Ayaklarıma resmen kara sular indi! Nikah masamıza oturmuş, benim aksime saatlerdir hiç durmadan, yorulmadan aynı enerjiyle abilerimle karşılıklı oynayan sevgili eşime bakıyordum.
Bu düğün ne zaman bitecek? Gerçekten sıkıldım.
Yanımda hissettiğim hareketlilikle kafamı çevirdim. Nil gelmişti. Onu koltuk altlarından tutarak, zorlansam da kaldırıp kucağıma oturttum.
"Eğleniyor musun bir tanem?" Sorumla gülümseyerek kafasını onaylar manada salladı.
Kafasını göğsüme yasladığında, saçlarını okşadım. "Ama yoruldum." Ben de kızım. Bir süre Nil ile birlikte aynı adamı gülümseyerek uzun uzun izledik. Kafasını kaldırıp bana baktığında, "Artık sen, ben ve babam birlikte yaşayacağız değil mi?" Diye sordu.
Bunca yıl, elimden geldiğince Nil'in istediği her şeyi yapmaya çalıştım. Onu mutlu etmek için. Halbuki onun ihtiyacı olan, onu çok daha mutlu bir çocuk edecek tek şey sağlık ve mutlu bir aile ortamı.
Kafamı salladım. "Evet bebeğim. Sen, ben ve baban..." Derken... Karan da yanımıza gelip oturmuştu.
"Prensesim..." Dedi, Nil'e doğru.

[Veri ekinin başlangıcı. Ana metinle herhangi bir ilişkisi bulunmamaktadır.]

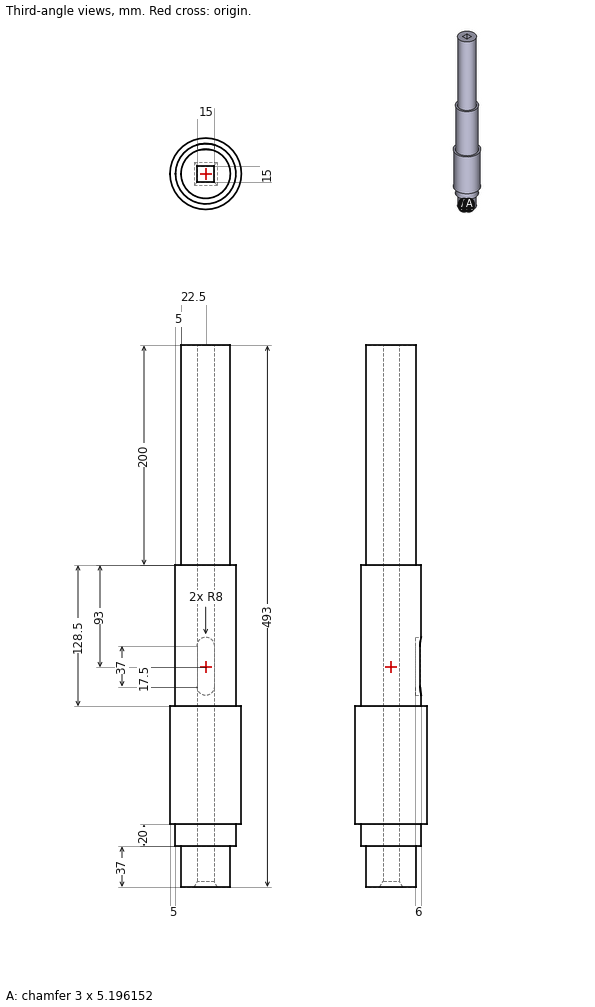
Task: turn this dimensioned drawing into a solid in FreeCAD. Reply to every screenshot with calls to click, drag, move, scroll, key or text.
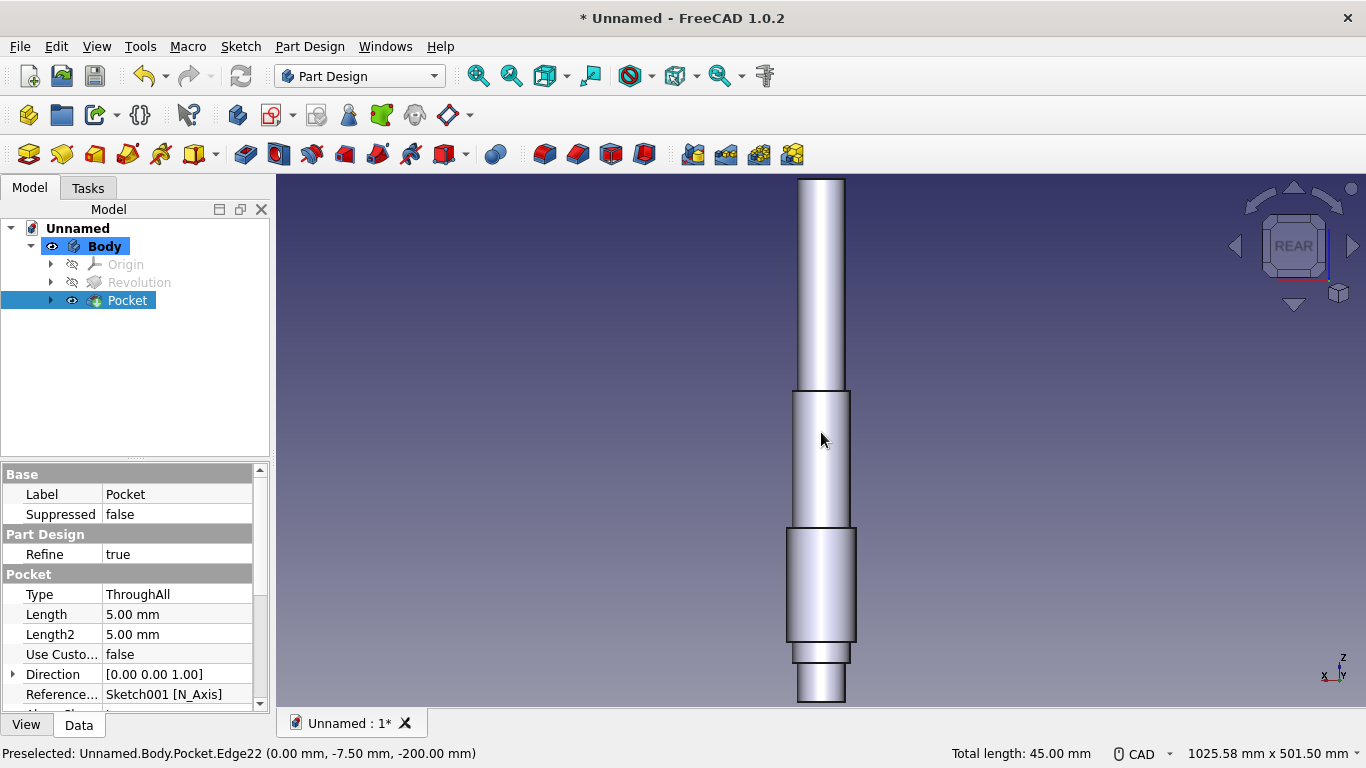
key(6)
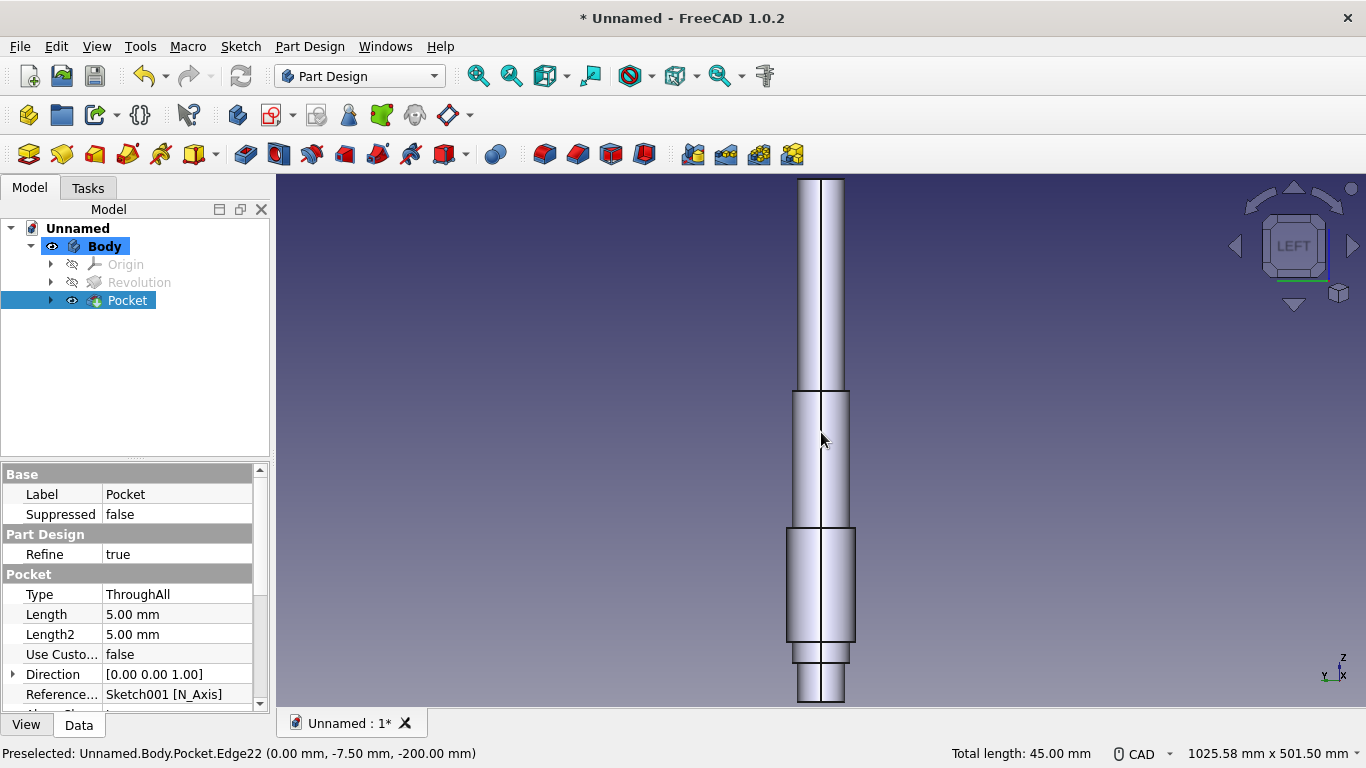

Ellerini uzatıp Nil'i kucağımdan alarak kendi dizine oturttu. "Mutlu musun, babacığım?" Sorusuyla Nil kafasını salladı. Karan, Nil'in kulağına eğilip, "Seninle konuştuklarımızı hatırlıyorsun değil mi?" Diye sorduğunda, Nil tekrar kafasını salladı.

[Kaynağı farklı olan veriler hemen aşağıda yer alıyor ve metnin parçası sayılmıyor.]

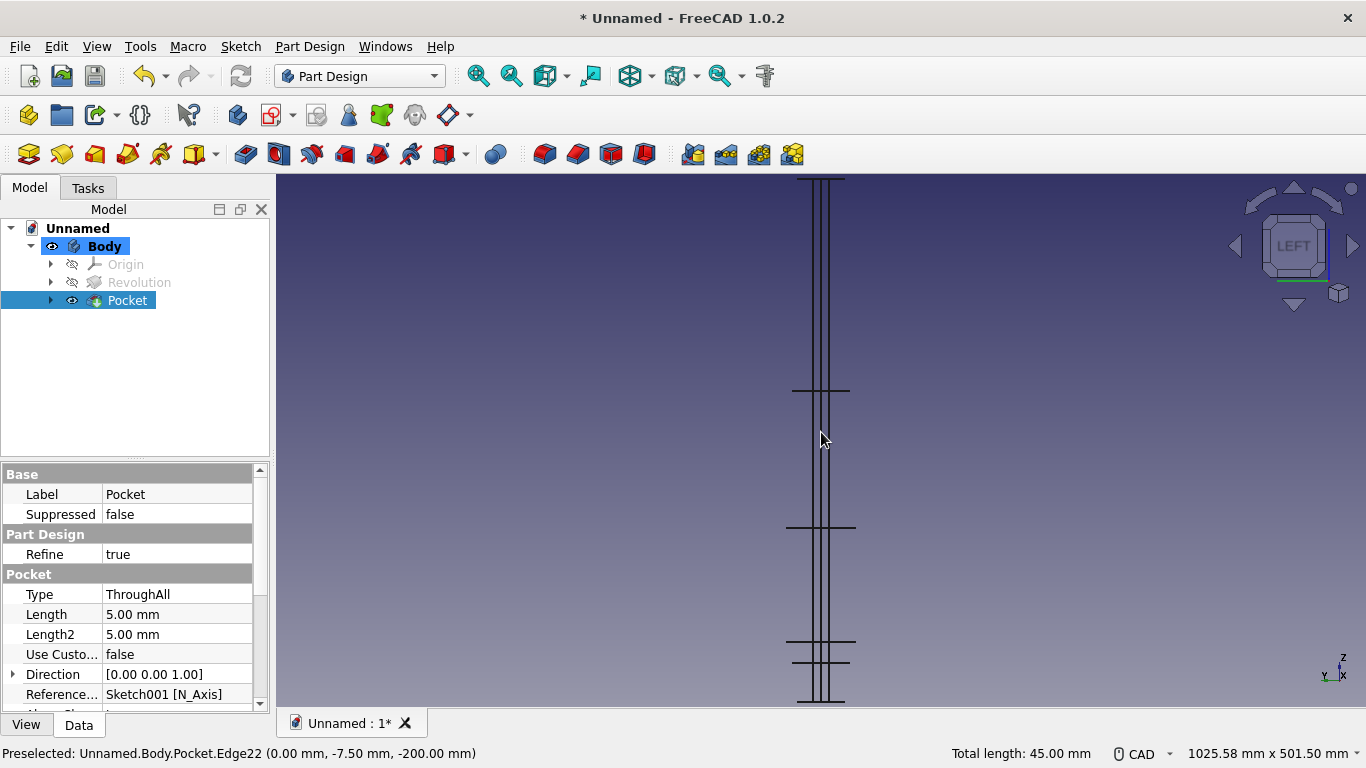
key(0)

Ne konuşmuşlardı acaba? Baba-kız arasına girmek istemediğimden sormadım.
Nil, Karan'ın kucağından inip, Cihangir'in yanına doğru koştu.
"Aklımda güzel bir balayı planı vardı lakin şu sıralar işlerinin yoğun olduğunu bildiğimden bu planı erteledim." Dedi. İyi bari... en azından bunu düşünebilmiş. Aksi halde bana sormadan böyle bir planı yapmış olsaydı maalesef planı iptal ederdim. Karan, bana biraz daha yaklaşıp, dudaklarını kulak mememe sürterek konuştu. "Gece için heyecanlı mısın?" Pislik!
Kafamı ağır ağır salladım. Yüzümü sakince ona çevirip, dudaklarına bakarak fısıldadım. "Sana yapacaklarımı düşündükce kalbim heyecanla çarpıyor." Gözleri bir ton koyulaştığında, sertçe yutkunmuştu.
"Bana ne yapmayı düşünüyorsun, karıcım?" Yüzüme biraz daha yaklaştı. "Akın'dan kelepçe almamı ister misin?"
Alt dudağımı ısırıp, elimi göğsünden aşağı doğru sürterek kemerine getirdim. "Bu işimi görür, kocacım..." Sesimizin kısık tonda olması ortamı erotik bir havaya sokarken, bu çekime kapılmamaya çalıştım.
Tabii Karan benim kadar iradeli değildi maalesef. Ben daha ne olduğunu anlamadan bir hışımla ayağa kalktı. Piste doğru ilerleyip, Pelin'in elinde olan mikrofonu kaptı.
ŞİMDİ OKUDUĞUN
Gönül Işığı
Teen FictionBaşarılı bir iş insanı Melin Eldem. 8 yaşında ailesini kaybedip, başka bir aile ile büyüdü. 20 yıl sonra gerçek ailesi karşısına çıkarsa ne olur? -Abilerim kitabı. -Aşk var. -İlerleyen zamanlarda abilerin ilişkileri olacak. -+18 -İlk başlarda aileye...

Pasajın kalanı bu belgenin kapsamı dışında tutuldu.